A Third Attempt with chrome.json
Let’s give it a try. Download chrome.json and place it in the same folder as main.js, the Dockerfile and everything else. Then, run the container as follows:
sudo docker run --security-opt seccomp=path/to/chrome.json pupdock
This time, there’s no output at all – which is good, because it means the errors are gone. To ensure that it really worked, we’ll grab the screenshot from inside the stopped container. First, get the container ID by running:
sudo docker container ls -a
Then, copy the screenshot from the container to the current working directory as follows, taking care to replace 7af0d705a751 with the actual ID of the container:
sudo docker cp 7af0d705a751:/puppeteer/screenshot.png ./screenshot.png
Additional Notes
I omitted a few things to avoid breaking the flow of this article, so I’ll mention them here briefly:
- That
SYS_ADMINcapability we saw mentioned earlier belongs to another Linux security feature: capabilities, which are also related to seccomp profiles. - If you need to pass a custom seccomp profile in a docker-compose.yaml file, see Riccardo Manzan’s Stack Overflow answer for an example.

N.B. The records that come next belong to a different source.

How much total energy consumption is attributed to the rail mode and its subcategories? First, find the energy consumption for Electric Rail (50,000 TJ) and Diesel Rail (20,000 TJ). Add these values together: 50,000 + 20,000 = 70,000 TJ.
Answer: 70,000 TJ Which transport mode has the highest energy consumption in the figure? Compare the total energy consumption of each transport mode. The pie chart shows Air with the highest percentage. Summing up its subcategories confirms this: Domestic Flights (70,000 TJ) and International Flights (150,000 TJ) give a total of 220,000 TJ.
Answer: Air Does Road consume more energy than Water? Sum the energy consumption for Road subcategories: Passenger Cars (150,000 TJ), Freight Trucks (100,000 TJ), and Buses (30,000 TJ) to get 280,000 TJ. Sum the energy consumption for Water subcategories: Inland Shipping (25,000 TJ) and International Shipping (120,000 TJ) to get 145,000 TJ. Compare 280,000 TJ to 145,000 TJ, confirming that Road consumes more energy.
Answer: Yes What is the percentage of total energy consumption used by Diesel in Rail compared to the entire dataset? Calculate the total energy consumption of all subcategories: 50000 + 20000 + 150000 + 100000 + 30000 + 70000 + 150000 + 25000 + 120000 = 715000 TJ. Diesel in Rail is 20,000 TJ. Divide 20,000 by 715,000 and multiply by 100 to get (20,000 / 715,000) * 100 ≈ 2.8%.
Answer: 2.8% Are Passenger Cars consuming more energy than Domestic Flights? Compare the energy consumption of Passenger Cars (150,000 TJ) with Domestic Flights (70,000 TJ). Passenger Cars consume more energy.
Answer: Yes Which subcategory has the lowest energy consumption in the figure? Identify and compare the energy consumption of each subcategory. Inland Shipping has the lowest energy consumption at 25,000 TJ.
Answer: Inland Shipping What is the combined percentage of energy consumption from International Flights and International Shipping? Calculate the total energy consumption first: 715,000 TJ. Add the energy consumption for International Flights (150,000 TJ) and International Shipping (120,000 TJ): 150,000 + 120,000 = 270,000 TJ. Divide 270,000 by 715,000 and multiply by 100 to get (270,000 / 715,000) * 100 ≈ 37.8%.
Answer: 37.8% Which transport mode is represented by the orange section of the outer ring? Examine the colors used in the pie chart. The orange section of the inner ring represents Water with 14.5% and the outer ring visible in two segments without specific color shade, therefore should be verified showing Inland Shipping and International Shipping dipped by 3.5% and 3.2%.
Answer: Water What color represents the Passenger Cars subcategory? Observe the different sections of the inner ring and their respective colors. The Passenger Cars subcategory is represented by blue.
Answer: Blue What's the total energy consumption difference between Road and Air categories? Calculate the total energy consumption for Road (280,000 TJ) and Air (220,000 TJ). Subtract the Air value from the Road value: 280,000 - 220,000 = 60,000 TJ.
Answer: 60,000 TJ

- If you run into other issues, use the dumpio setting to get more verbose output. It’s a little hard to separate the real errors from the noise, but it does help. Be sure to run in headless mode (it doesn’t make sense to run the GUI browser under Docker), and disable the GPU (
--disable-gpu) if you see related errors.
Conclusion
Running Puppeteer under Docker might sound like an unusual requirement, perhaps overkill, but it does open up a window onto the interesting world of Docker security. Chrome’s complexity requires that it be granted more permissions than the typical Docker container.
It is unfortunate that the intricacies around getting Puppeteer to work under Docker are so poorly documented. However, once we learn a little about Docker security – and the Linux security features that it builds on – the solution of using a custom seccomp profile begins to make sense.